Despite poor commercial real estate fundamentals, retail and apartment real estate
For the month of February, U.S. REITs gained more than 5%, according to the report by the National Association of Real Estate Investment Trusts (NAREIT), a trade group based in Washington, D.C. The gains were driven by investment in the retail and apartment sectors, according to the report.
“This has been a period of tremendous growth for REIT shares,” says Ron Kuykendall, vice president at NAREIT. “What it means, I believe, is that investors are betting on a recovery.”
The performance represents a remarkable contrast to the period from the market peak in early 2007 to the trough in March 2009, the lowest point for REITs. Share prices fell a devastating 75% during that period, says Kuykendall.
If investors indeed are betting on recovery, that could provide a shot in the arm to the commercial real estate industry across the U.S. Although REITs comprise just 10% to 15% of the total U.S. commercial real estate marketplace, they represent many of the largest companies and property owners across all property types — retail, multifamily, office, industrial and hotel.
Dealmakers get busy
A developing trend that factors into the recent investment in shares is that acquisitions are once again beginning to take place after the nation’s deep recession and credit shortage, particularly in the retail and apartment sectors.
“We have seen apartment companies like Avalon Bay and Equity Residential doing some strategic acquisitions. It has also begun to happen in the retail sector, where you have of course the General Growth situation,” says Kuykendall. Several rival REITs have expressed interest in buying mall REIT General Growth as it attempts to emerge from Chapter 11 bankruptcy.
“Equity One has been talking to Liberty about acquiring some of their retail shopping centers,” as well, says Kuykendall.
Over the past year, many REITs strengthened their balance sheets as they recapitalized, raising fresh equity through secondary equity offerings and paying down debt, says Kuykendall. The steps made them more attractive to investors.
“There were about $22 billion in secondary equity offerings in the REIT marketplace last year,” says Kuykendall. “That represented more shares coming onto the market.” The offerings followed a trend developing over the past year of share growth rather than a reduction in the number of shares outstanding.

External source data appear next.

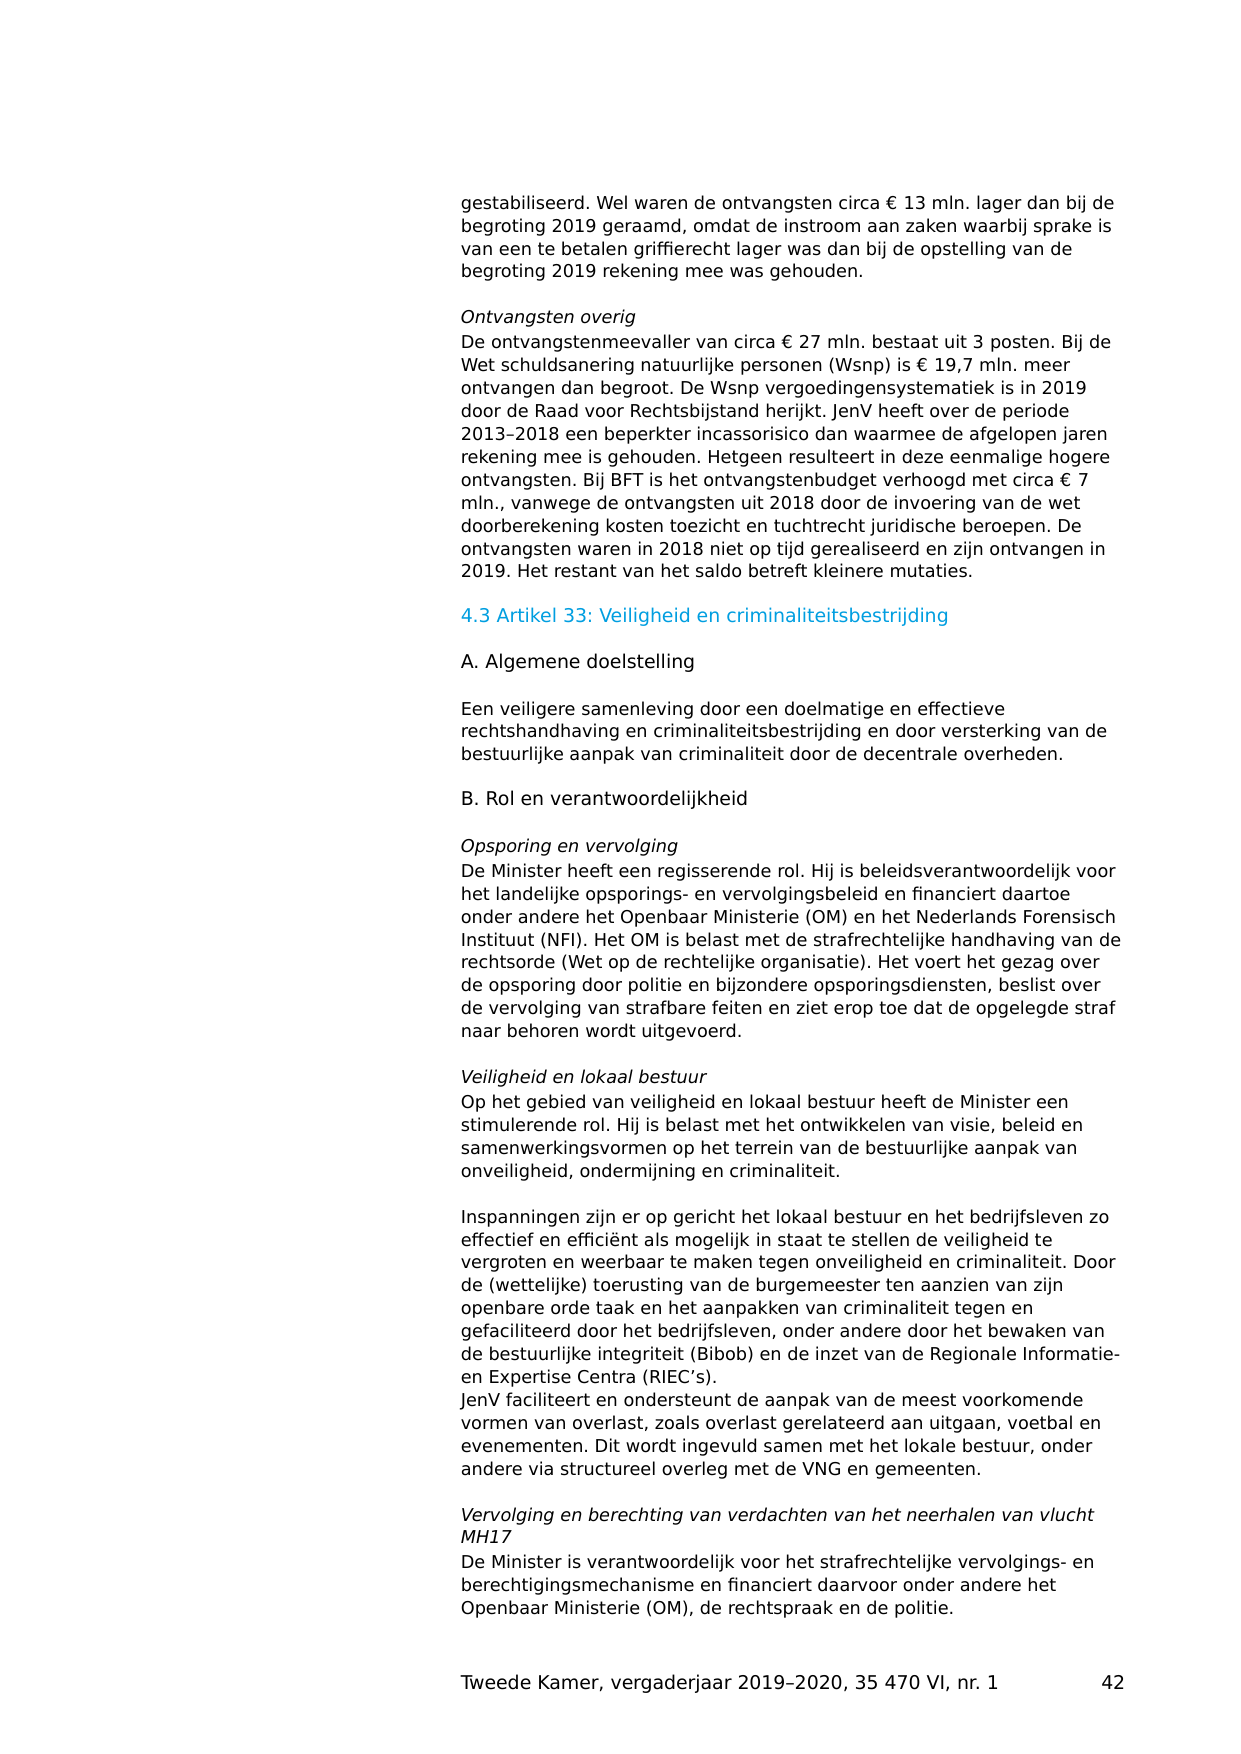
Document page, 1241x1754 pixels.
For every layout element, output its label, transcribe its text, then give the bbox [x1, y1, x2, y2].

text Een veiligere samenleving door een doelmatige en effectieve rechtshandhaving en criminaliteitsbestrijding en door versterking van de bestuurlijke aanpak van criminaliteit door de decentrale overheden. [461, 697, 1125, 765]
text Inspanningen zijn er op gericht het lokaal bestuur en het bedrijfsleven zo effectief en efficiënt als mogelijk in staat te stellen de veiligheid te vergroten en weerbaar te maken tegen onveiligheid en criminaliteit. Door de (wettelijke) toerusting van de burgemeester ten aanzien van zijn openbare orde taak en het aanpakken van criminaliteit tegen en gefaciliteerd door het bedrijfsleven, onder andere door het bewaken van de bestuurlijke integriteit (Bibob) en de inzet van de Regionale Informatie- en Expertise Centra (RIEC’s). JenV faciliteert en ondersteunt de aanpak van de meest voorkomende vormen van overlast, zoals overlast gerelateerd aan uitgaan, voetbal en evenementen. Dit wordt ingevuld samen met het lokale bestuur, onder andere via structureel overleg met de VNG en gemeenten. [461, 1205, 1125, 1480]
text De Minister heeft een regisserende rol. Hij is beleidsverantwoordelijk voor het landelijke opsporings- en vervolgingsbeleid en financiert daartoe onder andere het Openbaar Ministerie (OM) en het Nederlands Forensisch Instituut (NFI). Het OM is belast met de strafrechtelijke handhaving van de rechtsorde (Wet op de rechtelijke organisatie). Het voert het gezag over de opsporing door politie en bijzondere opsporingsdiensten, beslist over de vervolging van strafbare feiten en ziet erop toe dat de opgelegde straf naar behoren wordt uitgevoerd. [461, 859, 1125, 1042]
text De Minister is verantwoordelijk voor het strafrechtelijke vervolgings- en berechtigingsmechanisme en financiert daarvoor onder andere het Openbaar Ministerie (OM), de rechtspraak en de politie. [461, 1551, 1125, 1619]
text De ontvangstenmeevaller van circa € 27 mln. bestaat uit 3 posten. Bij de Wet schuldsanering natuurlijke personen (Wsnp) is € 19,7 mln. meer ontvangen dan begroot. De Wsnp vergoedingensystematiek is in 2019 door de Raad voor Rechtsbijstand herijkt. JenV heeft over de periode 2013–2018 een beperkter incassorisico dan waarmee de afgelopen jaren rekening mee is gehouden. Hetgeen resulteert in deze eenmalige hogere ontvangsten. Bij BFT is het ontvangstenbudget verhoogd met circa € 7 mln., vanwege de ontvangsten uit 2018 door de invoering van de wet doorberekening kosten toezicht en tuchtrecht juridische beroepen. De ontvangsten waren in 2018 niet op tijd gerealiseerd en zijn ontvangen in 2019. Het restant van het saldo betreft kleinere mutaties. [461, 330, 1125, 582]
text Ontvangsten overig [461, 305, 1125, 328]
title 4.3 Artikel 33: Veiligheid en criminaliteitsbestrijding [461, 605, 1125, 627]
text Vervolging en berechting van verdachten van het neerhalen van vlucht MH17 [461, 1503, 1125, 1548]
title A. Algemene doelstelling [461, 651, 1125, 673]
title B. Rol en verantwoordelijkheid [461, 788, 1125, 810]
text Op het gebied van veiligheid en lokaal bestuur heeft de Minister een stimulerende rol. Hij is belast met het ontwikkelen van visie, beleid en samenwerkingsvormen op het terrein van de bestuurlijke aanpak van onveiligheid, ondermijning en criminaliteit. [461, 1090, 1125, 1182]
text Opsporing en vervolging [461, 834, 1125, 857]
text Veiligheid en lokaal bestuur [461, 1065, 1125, 1088]
text gestabiliseerd. Wel waren de ontvangsten circa € 13 mln. lager dan bij de begroting 2019 geraamd, omdat de instroom aan zaken waarbij sprake is van een te betalen griffierecht lager was dan bij de opstelling van de begroting 2019 rekening mee was gehouden. [461, 191, 1125, 282]

Regional malls recorded an 11.9% return on the FTSE NAREIT Equity REIT Index in February, while shopping centers registered 8.9%. During the month, apartments also showed strong gains of 8.4%, a dramatic improvement from a year earlier. In February 2009, shopping center index returns declined 25.8% while regional mall returns dropped 21.1%. In the same period, apartment returns declined 24.7%.
This year, REITs are generating more optimism. “Investors have been looking forward to the returns that REITs are going to be able to generate by acquiring high-quality property at good prices,” says NAREIT economist Brad Case. “What we’ve seen in the last month is that those opportunities have arrived.”
The investors are driving the prices of REIT stocks up in anticipation of better REIT performance going forward, says Case. He notes that in addition to the improved returns for retail and apartments, lodging REITs recorded a 6% gain in February.
Tough year for fundamentals
The gains have taken place against the backdrop of a brutal climate for commercial real estate fundamentals. The vacancy rate for community and neighborhood shopping centers is projected to rise to 11.5% this year, according to New York-based
The shopping center vacancy rate is projected to rise to 12.2% next year. For apartments, Reis projects a vacancy rate of 8.3% in 2010, shattering records for the last 11 years.
Because REITs have been able to raise fresh capital through equity offerings, unlike private companies, they have not been hamstrung by banks’ unwillingness to lend money for acquisitions, says Kuykendall. That has made a crucial difference in their ability to grow as the nation attempts to shake off the effects of the economic slowdown.
Another problem for private commercial real estate companies is that many are weighed down by maturing debts, while banks practice a policy of “extend and pretend” rather than foreclosing on assets.
That’s why the investment marketplace has looked more favorably on REITs, says Kuykendall. Debt maturities still hang over the private companies, while REITs are positioned for opportunistic buys. “These are going to be the winners as banks come to a point where they are no longer willing or able to do the pretend and extend.”